How are people supposed to grow up when they have zero guidance at all?

Thats why I suggest 2 years in the army for any youngster convicted of anything.

posted on Apr, 10 2008 @ 09:34 AM
reply to post by Flyer

I think corporate life is also affecting the nuclear family more than people expect. Corporate life puts a strain on many people. You're stuck working menial jobs with 8 bosses (excuse me, 8? yes, 8!) and you have a 4' x 4' cubicle that is your world. Plus, many people have to work long hours. By the time they get home, the person is worn out and maybe itching for a fight.

When I was younger, I dreamt of being a CEO of a company. Then I realized how much time a manager has to work. On average a manager puts in 60 to 90 hours a week. Screw that! Stop and smell the roses.

posted on Apr, 10 2008 @ 09:40 AM
If I did something wrong I think i should be tried as an adult. But if I'm going to be tried as an adult I also want to be able to vote. I know more about politics than most of the adults I know. So if I'm going to be tried as an adult I want to be treated like one too and be able to vote.

posted on Apr, 10 2008 @ 09:44 AM
I believe that it should be more detailed, yes.

There is, after all - a difference between spray-painting a rather crude and inflammatory remark on someone's car because of a social factor such as "That guy is a pervert, he watches my little sister get changed" or something equally as viable and going out, getting ratted out your face and then stabbing someone for their small change.

Is the line too thin?

Methinks the line may be too thick - professionals have a habit of going overboard on easy solutions, i mean look at how they're trying to deal with the current economic problems; wouldn't it be so much simpler just to say "We're in the sh'tter here lads" and then store some money in order to rebuild once all the corporate interest had fled the scene?

As opposed to trying to stick it out as corporations bleed us dry, that is.

[edit on 10-4-2008 by Throbber]

posted on Apr, 10 2008 @ 10:57 AM
As I mentioned earlier, the 'no remorse' shown by youth today is what scares me the most.

My thoughts are; if they feel retribution is minimal, what do they really lose?

posted on Apr, 10 2008 @ 11:30 AM
I know there are numerous reasons for adolescent crime, the one that resonates with me is family structure. There is no such critter anymore.

I would say 75% family’s today are a two income household. Which means moms not there anymore to watch over the young one’s. I understand if some think this old-fashion, but I believe women are the nurturing one’s on earth and when children lack that in their lives, it opens Pandora’s box.
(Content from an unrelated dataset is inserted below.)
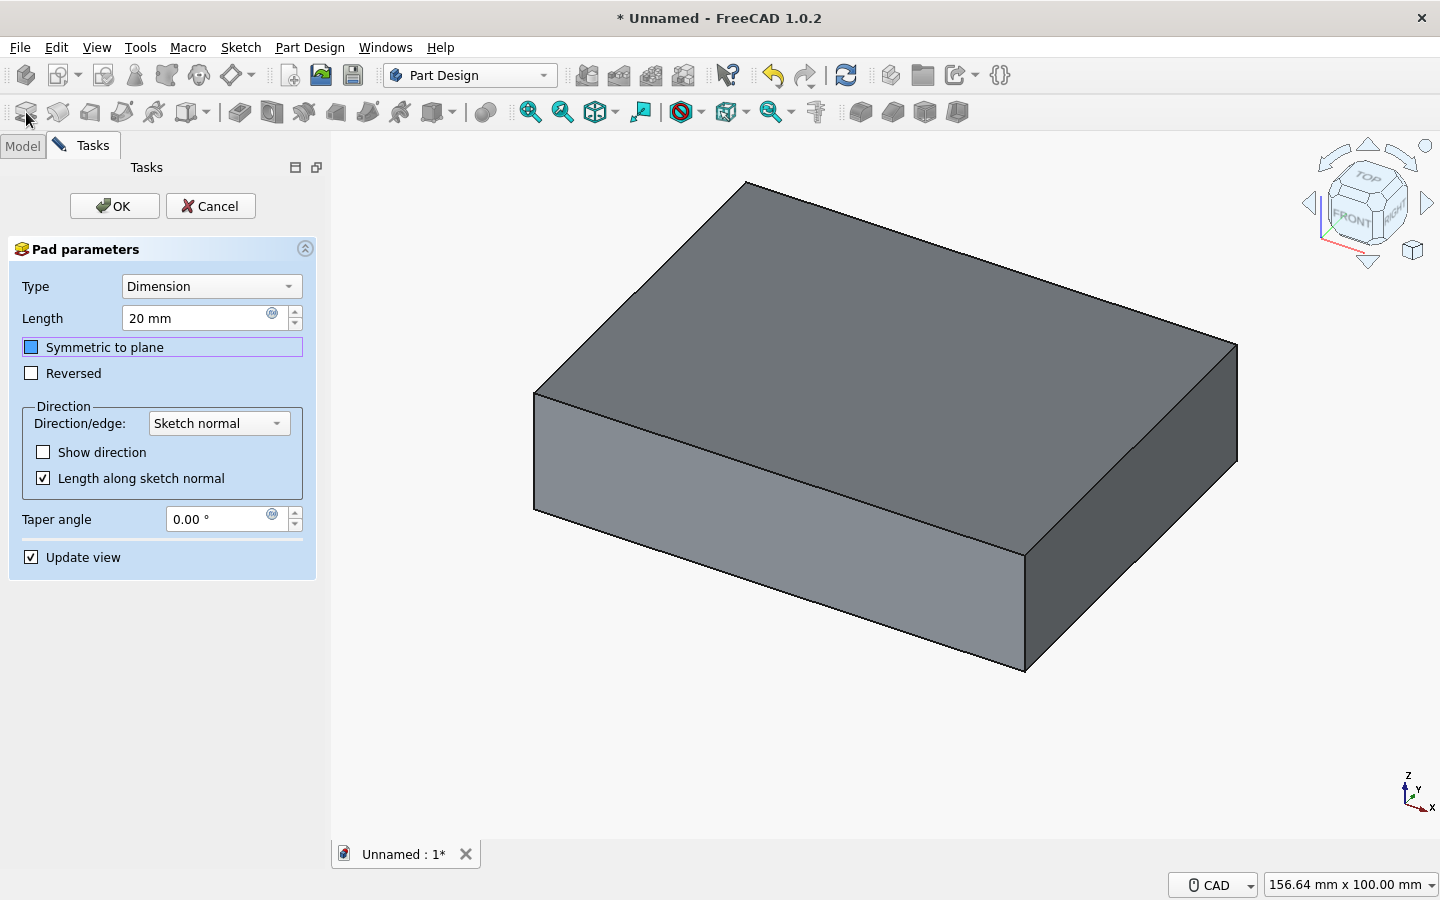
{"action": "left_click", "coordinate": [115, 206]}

When I was growing up it was mother who made sure the children tolled the line, and let us know real quickly when we did not do so. I know it’s a cliché but what the world needs more of is LOVE, and for the most part children born today are not going to receive it from the young adults of today. As long as mothers have to stay in the system and not stay home to nurture and cultivate these kids I see it only getting worse.

Love and Light

posted on Apr, 10 2008 @ 01:35 PM
reply to post by guppy

That might be the case where you are but not here, parents simply dont care.

Someone on the block where I live went away for the weekend and left their 15 year old daughter alone, I saw her come back at 130am walking home alone.

Now I thought that was disgusting but thats sadly typical of the attitude of them.

posted on Apr, 10 2008 @ 03:03 PM
reply to post by Flyer

Yup. A lot of people have kids and dont' realize the consequences. When you have a child, every priority you once had is now in the backburner. Children come first.